[Records drawn from a dataset]
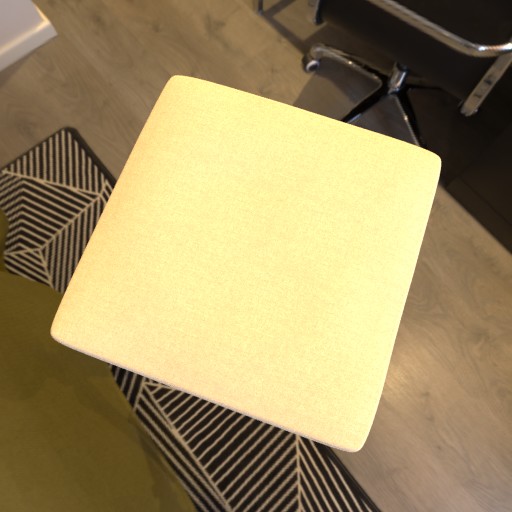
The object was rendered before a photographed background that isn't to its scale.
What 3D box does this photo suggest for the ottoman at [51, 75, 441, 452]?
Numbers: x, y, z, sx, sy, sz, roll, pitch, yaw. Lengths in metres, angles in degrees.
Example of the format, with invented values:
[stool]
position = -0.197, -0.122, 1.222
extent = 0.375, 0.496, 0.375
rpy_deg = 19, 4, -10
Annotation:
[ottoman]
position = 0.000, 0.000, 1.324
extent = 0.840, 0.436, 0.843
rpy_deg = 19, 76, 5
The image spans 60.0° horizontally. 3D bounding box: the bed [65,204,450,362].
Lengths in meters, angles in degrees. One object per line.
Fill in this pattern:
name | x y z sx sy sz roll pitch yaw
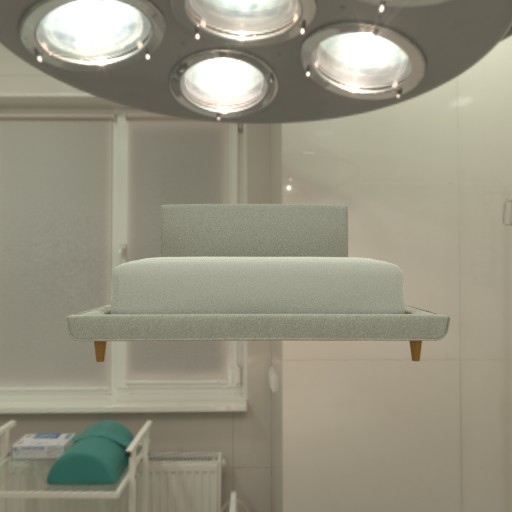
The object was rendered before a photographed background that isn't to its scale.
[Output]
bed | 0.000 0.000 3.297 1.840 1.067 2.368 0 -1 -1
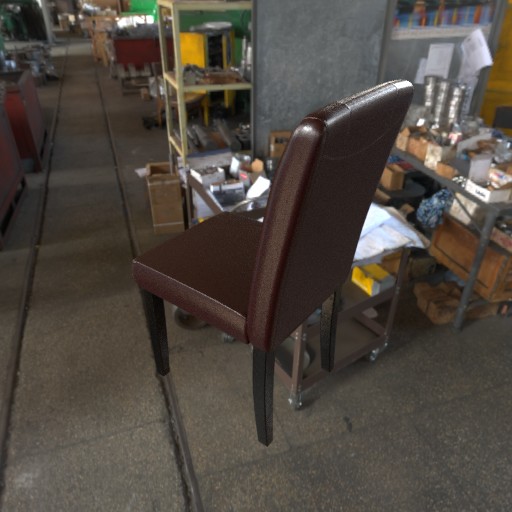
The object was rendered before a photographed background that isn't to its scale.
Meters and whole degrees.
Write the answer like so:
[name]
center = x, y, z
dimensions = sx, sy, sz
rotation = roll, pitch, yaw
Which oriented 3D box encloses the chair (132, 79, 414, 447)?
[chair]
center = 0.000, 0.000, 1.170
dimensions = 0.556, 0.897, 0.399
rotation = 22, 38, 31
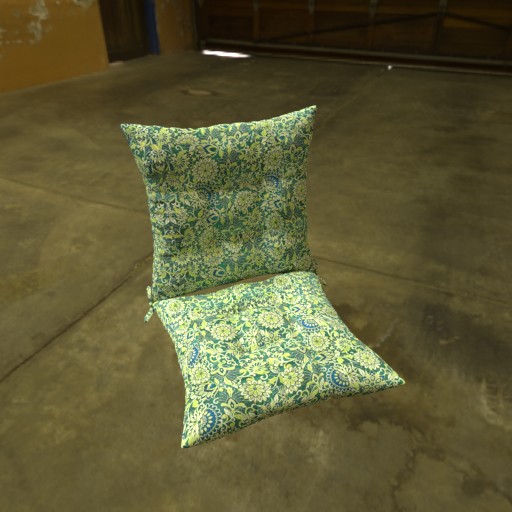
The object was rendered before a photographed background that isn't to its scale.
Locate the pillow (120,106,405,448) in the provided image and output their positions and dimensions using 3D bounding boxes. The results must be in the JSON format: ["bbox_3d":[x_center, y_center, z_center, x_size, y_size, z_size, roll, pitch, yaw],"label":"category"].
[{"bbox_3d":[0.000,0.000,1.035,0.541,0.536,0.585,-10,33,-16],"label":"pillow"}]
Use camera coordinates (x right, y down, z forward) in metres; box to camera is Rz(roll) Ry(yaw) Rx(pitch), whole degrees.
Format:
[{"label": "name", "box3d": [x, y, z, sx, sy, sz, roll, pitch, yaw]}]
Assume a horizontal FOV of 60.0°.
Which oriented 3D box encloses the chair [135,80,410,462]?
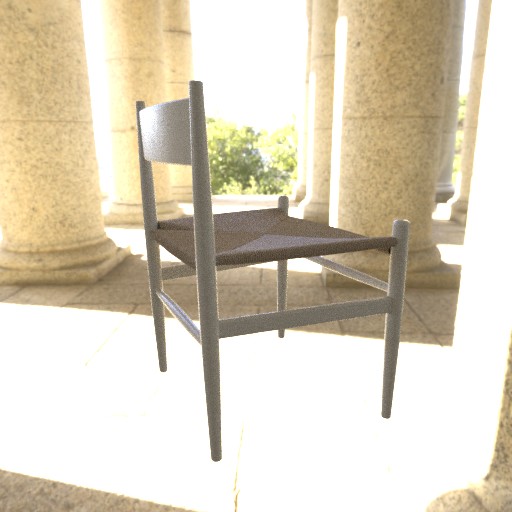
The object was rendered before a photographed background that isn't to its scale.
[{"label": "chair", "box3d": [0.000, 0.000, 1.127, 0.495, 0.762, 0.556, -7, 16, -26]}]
* * *
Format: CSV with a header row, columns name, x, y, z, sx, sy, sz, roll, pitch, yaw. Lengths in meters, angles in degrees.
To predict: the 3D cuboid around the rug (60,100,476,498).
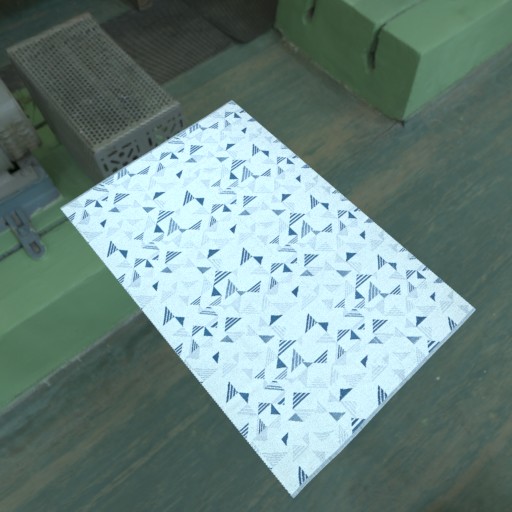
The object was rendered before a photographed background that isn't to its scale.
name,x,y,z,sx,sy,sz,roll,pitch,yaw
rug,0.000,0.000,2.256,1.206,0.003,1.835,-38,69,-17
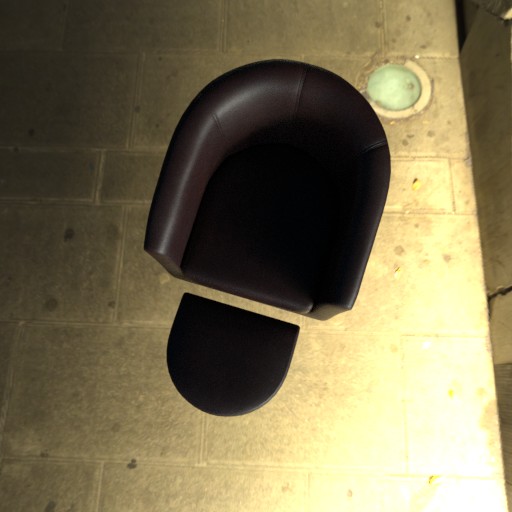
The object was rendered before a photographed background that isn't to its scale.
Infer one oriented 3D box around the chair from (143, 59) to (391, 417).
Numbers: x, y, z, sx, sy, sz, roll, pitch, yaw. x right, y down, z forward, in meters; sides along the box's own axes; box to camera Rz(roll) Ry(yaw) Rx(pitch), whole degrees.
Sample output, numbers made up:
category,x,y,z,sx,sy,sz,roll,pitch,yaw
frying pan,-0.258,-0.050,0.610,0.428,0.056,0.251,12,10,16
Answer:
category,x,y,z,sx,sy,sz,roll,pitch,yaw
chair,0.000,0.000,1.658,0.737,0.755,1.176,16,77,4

* **Task description**:
From the entries above, extract only the lines running from the one containing "What 3D box" through the one containing "rpy_deg = 19, 4, -10", inclusive.

* **Written response**:
What 3D box does this photo suggest for the ottoman at [51, 75, 441, 452]?
Numbers: x, y, z, sx, sy, sz, roll, pitch, yaw. Lengths in metres, angles in degrees.
Example of the format, with invented values:
[stool]
position = -0.197, -0.122, 1.222
extent = 0.375, 0.496, 0.375
rpy_deg = 19, 4, -10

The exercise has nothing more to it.